The US leads China in frontier AI development today. Whether that's still true in 2028 depends on a handful of chip factories, some export regulations, and decisions being made right now - and Anthropic just published a paper making exactly that case.
Released May 14, the paper maps two possible futures for global AI leadership by 2028. It reads less like a traditional AI safety document and more like a geopolitical risk briefing, which is notable for a company that built its reputation on technical safety research.
The Compute Argument
The core claim is straightforward: America's current lead over China in frontier AI is almost entirely a compute story. NVIDIA designs the GPUs that train the world's most powerful models. TSMC in Taiwan manufactures them. ASML in the Netherlands builds the extreme ultraviolet lithography machines that TSMC depends on to produce advanced chips. China currently can't replicate any of these three links in the chain.
Export controls - US government restrictions on selling advanced chips and chipmaking equipment to Chinese companies - have maintained this gap. Without those controls, Anthropic argues, Chinese AI labs would be training frontier models on the same hardware American labs use today. The paper treats this as a fragile advantage, not a permanent one.
The two scenarios Anthropic lays out aren't presented as definitive predictions. They're a framework for thinking about what happens depending on whether export controls hold or erode over the next two years. The implication is that the window to act is still open, but not indefinitely.

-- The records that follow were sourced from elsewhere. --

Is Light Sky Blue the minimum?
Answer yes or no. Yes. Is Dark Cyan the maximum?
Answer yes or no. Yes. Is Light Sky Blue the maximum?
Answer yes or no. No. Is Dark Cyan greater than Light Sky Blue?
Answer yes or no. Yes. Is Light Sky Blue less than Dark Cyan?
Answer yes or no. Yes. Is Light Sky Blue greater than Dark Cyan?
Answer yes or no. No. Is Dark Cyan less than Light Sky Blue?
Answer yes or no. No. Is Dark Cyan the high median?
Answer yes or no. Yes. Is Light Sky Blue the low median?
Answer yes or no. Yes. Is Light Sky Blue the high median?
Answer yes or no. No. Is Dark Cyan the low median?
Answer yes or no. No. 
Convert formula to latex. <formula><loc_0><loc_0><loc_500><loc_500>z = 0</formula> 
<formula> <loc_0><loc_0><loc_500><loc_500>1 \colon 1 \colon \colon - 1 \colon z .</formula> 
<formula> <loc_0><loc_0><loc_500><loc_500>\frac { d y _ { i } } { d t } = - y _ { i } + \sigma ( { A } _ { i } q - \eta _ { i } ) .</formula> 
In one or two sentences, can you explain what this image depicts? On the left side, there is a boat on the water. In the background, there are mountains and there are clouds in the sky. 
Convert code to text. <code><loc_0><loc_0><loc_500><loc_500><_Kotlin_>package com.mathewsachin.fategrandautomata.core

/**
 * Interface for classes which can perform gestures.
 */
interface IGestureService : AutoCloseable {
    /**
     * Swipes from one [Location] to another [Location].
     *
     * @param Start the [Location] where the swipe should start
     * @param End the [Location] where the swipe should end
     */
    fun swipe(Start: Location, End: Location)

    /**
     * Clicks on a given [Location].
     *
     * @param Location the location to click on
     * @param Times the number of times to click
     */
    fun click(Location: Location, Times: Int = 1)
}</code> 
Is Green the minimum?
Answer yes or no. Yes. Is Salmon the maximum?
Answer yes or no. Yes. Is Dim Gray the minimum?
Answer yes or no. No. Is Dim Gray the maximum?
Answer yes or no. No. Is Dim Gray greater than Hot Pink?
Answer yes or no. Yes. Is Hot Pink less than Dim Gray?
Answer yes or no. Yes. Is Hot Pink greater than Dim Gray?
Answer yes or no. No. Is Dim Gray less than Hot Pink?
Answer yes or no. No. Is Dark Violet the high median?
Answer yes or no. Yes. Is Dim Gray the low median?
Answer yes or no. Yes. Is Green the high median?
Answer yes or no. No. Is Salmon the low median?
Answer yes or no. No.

Why This Paper Reads Differently from Anthropic's Usual Research
Publishing a paper that argues for specific US trade and export control policies is a departure from Anthropic's usual output. Most of the company's public research focuses on model evaluation, interpretability, and constitutional AI - technical work about making models safer and more predictable. This paper is geopolitical advocacy dressed in research framing.

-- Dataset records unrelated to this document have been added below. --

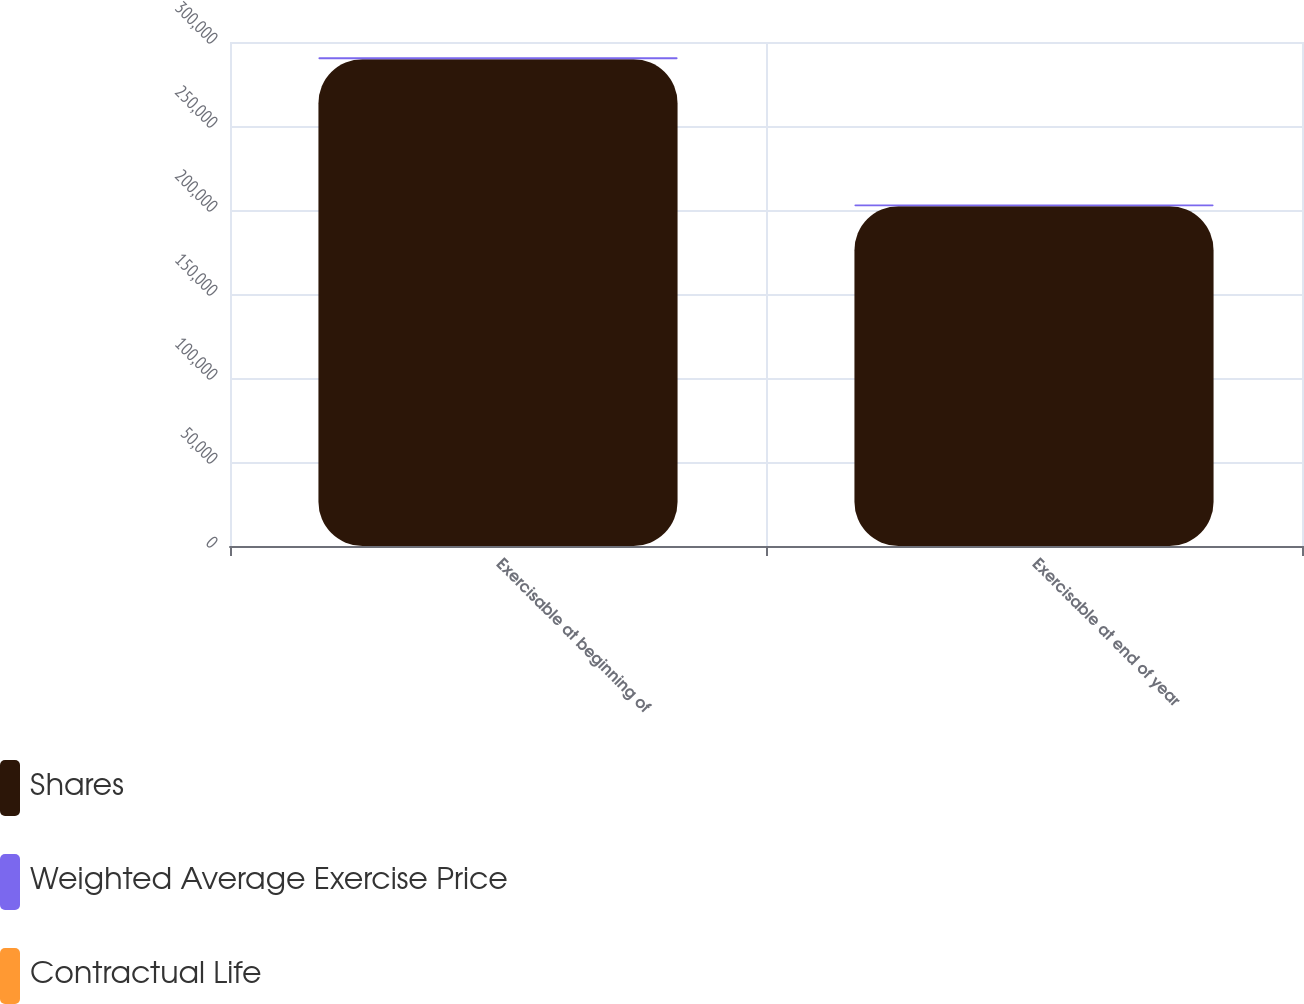<chart> <loc_0><loc_0><loc_500><loc_500><stacked_bar_chart><ecel><fcel>Exercisable at beginning of<fcel>Exercisable at end of year<nl><fcel>Shares<fcel>289790<fcel>202275<nl><fcel>Weighted Average Exercise Price<fcel>1113.99<fcel>1037.74<nl><fcel>Contractual Life<fcel>2.58<fcel>2.17<nl></chart> 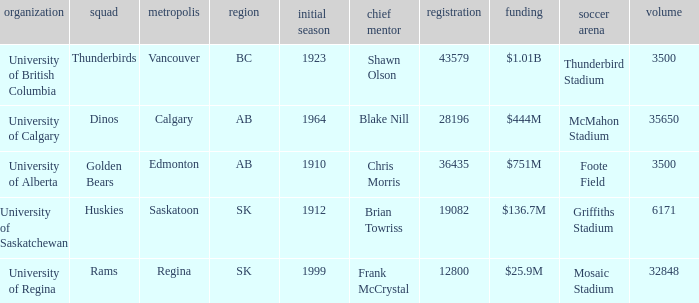What year did University of Saskatchewan have their first season? 1912.0. 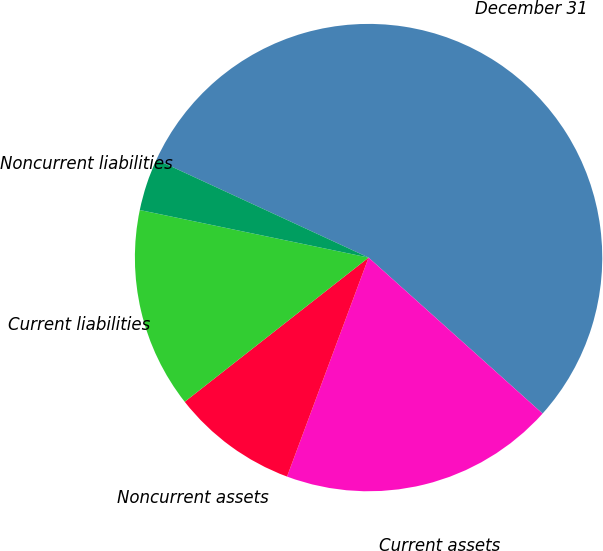Convert chart. <chart><loc_0><loc_0><loc_500><loc_500><pie_chart><fcel>December 31<fcel>Current assets<fcel>Noncurrent assets<fcel>Current liabilities<fcel>Noncurrent liabilities<nl><fcel>54.75%<fcel>19.04%<fcel>8.74%<fcel>13.85%<fcel>3.62%<nl></chart> 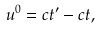<formula> <loc_0><loc_0><loc_500><loc_500>u ^ { 0 } = c t ^ { \prime } - c t ,</formula> 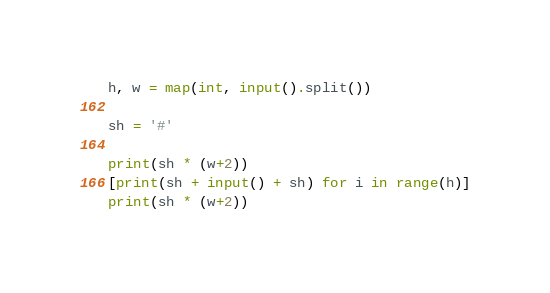<code> <loc_0><loc_0><loc_500><loc_500><_Python_>h, w = map(int, input().split())

sh = '#'

print(sh * (w+2))
[print(sh + input() + sh) for i in range(h)]
print(sh * (w+2))</code>

That doesn't make it wrong. But it does mean it deserves to be read as a policy document, not a neutral scientific analysis. Anthropic has financial and strategic interests in the outcome it's describing.
For people who use AI tools daily, none of this is abstract. The models behind Claude, ChatGPT, Gemini, and every other frontier product were trained on hardware that flows through a specific supply chain. If that chain's competitive advantage narrows or disappears, the product landscape shifts - pricing, capability gaps, which companies can afford to train what.
The most practically useful thing about Anthropic's paper isn't the specific scenarios. It's the reminder that the biggest near-term risks to the AI tools people rely on aren't about hallucinations or philosophical misalignment. They're about semiconductor factories in Taiwan and export enforcement in Washington.